NOITES DO TEMPO
Rangel Alves da Costa*
Quando alguém quer falar sobre algo que aconteceu num passado distante, numa era já consumida pelas neblinas da idade ou naquilo que outrora aconteceu e que não se pode definir uma data, diz que isto ou aquilo se perdeu nas noites do tempo. Neste sentido, noites do tempo significaria o que já existiu e só é possível avistar na memória.
As noites dos tempos, secular estágio do que se foi, assombram pelo seu poder de estar presente em qualquer instante futuro, nos dias atuais, neste momento agora. E possui vozes, pois os clamores, a dicção angustiosa do passado, se expressam naquilo que a qualquer tempo chamamos de saudade, de lembrança, de recordação, de nostalgia, de pensamento do que foi um dia e não é mais. Daí serem doloridas e pesarosas as noites do tempo.

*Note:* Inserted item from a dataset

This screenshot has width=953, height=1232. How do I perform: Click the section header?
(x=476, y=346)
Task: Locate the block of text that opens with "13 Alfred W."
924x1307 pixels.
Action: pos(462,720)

Hoje, ao cismar na janela e ver-se como numa viagem a um mundo distante no passado, o triste e solitário viajante nada mais faz do que caminhar os mesmos passos que um dia Cronos, o deus mitológico do Tempo, perseguiu para nortear seu destino infinito. Evoluindo sempre, porém evoluindo para o que, para onde, para chegar a qual estágio?
Um dia Cronos, com a foice afiada pela terra, cortou os testículos do pai Urano – que incessantemente fecundava sua mãe Gaia, a Terra - e impôs um reinado tão poderoso quanto o do seu genitor objetivando dar um andamento normal aos fatos e coisas, pois era o Tempo, e o tempo precisa evoluir dentro de uma normalidade. Contudo, o que se viu foi que o próprio Tempo, com sua insaciável fome devoradora da vida, com o seu ávido desejo de destruir para fazer renascer, nada mais fez do que propagar a instabilidade da vida, pois se percebeu a partir de então que nada é perene e tudo se consome.

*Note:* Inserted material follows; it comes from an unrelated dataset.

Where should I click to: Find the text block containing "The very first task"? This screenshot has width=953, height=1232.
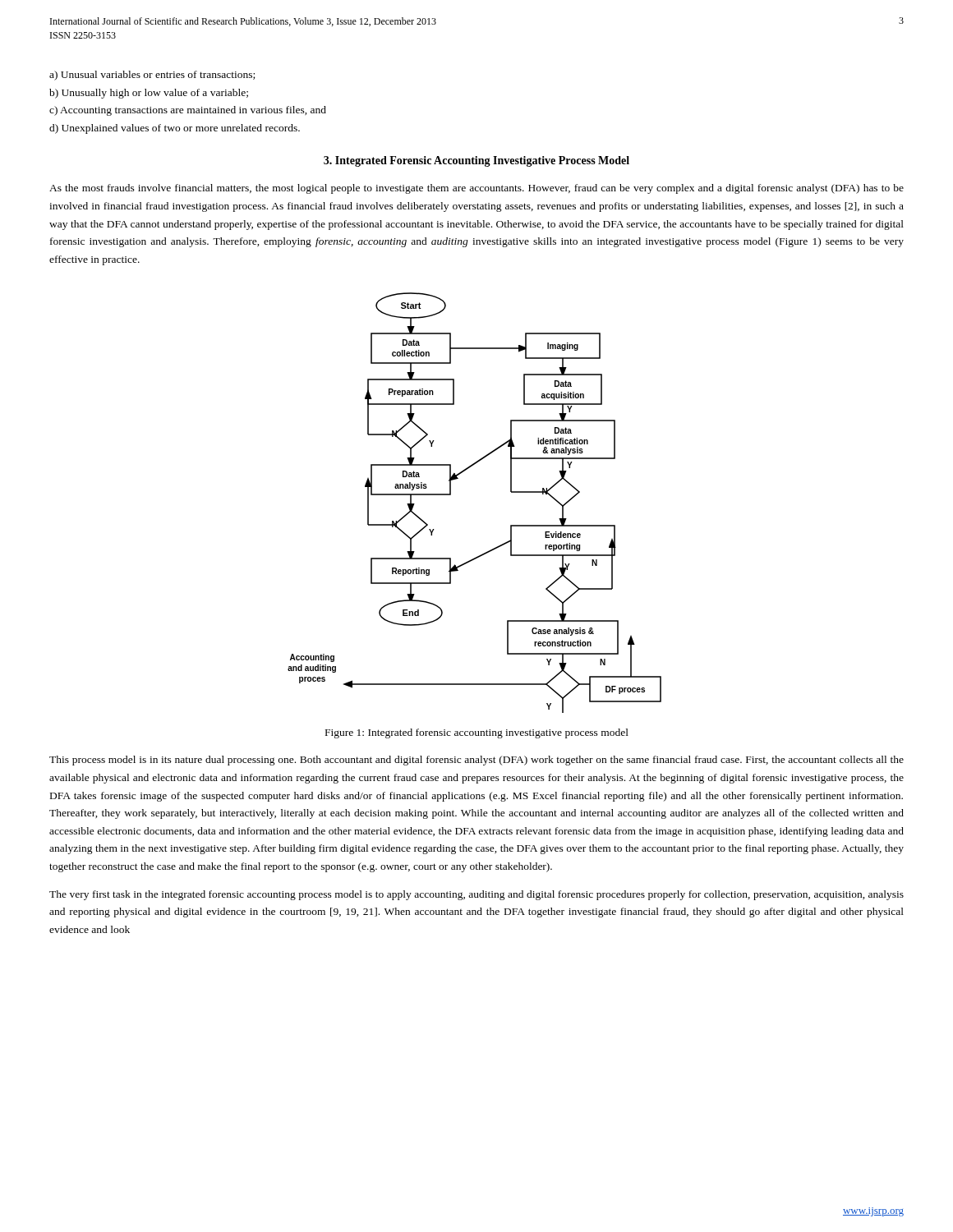(476, 911)

Há alguma diferença entre o Tempo enquanto divindade mitológica que devora e quer mais e o tempo/vida que alimenta ilusões para depois devorar? Cronos, o Tempo, devorou seus próprios filhos, vivia desesperadamente cumprindo seu destino de regular a vida, revolucionar constantemente a natureza, e está provado que ainda hoje não conseguiu seus intentos, pois ele mesmo faz e ele mesmo destrói. Por sua vez, o tempo/vida, esse que se mostra no ontem e no hoje, fiel filho do outro tempo, nada mais faz do que temer que o seu pai venha lhe devorar, e por isso mesmo se antecipa aos fatos e vai destruindo tudo aquilo que egoisticamente se dizia sólido, indestrutível.
Verdade é que tudo na vida se fez refém do tempo. Das suas noites chegam as dores de um passado que atiça o lado mais perverso da memória, que é o de lembrar coisas tristes, e deixam em estado de constante instabilidade as situações, por temor de ser a próxima vítima, pelo medo de ser também devorado, pelo pavor de que lhe aconteça o indesejável.
Mas são as noites do tempo com os seus exemplos que nada mais são do que as lições que os seres humanos nunca têm tempo de aprender. Quanto se chega ao imaginado estágio do conhecimento, da sabedoria, da experiência pelos passos caminhados, então vem o tempo e chama para si tudo que se dizia existir. E então tudo volta a ser noite, nas noites do tempo.
Verdade é que as manhãs existem, a madrugada se vai, o mundo acorda, e vem o sol, os dias, as tardes, o entardecer, a penumbra, a noite e novamente a madrugada, tudo num percurso do tempo. E existem os segundos, os minutos, as horas, os dias, as semanas, os meses, os anos, os séculos, a história, e tudo num ciclo de tempo. E o que se colhe nisso e disso tudo, senão a certeza de ser um grão nessa imensidão que durará até chegar a fome do tempo. Daí que o falso brilho que temos hoje, amanhã, quando muito, será somente uma réstia de qualquer memória nas noites do tempo.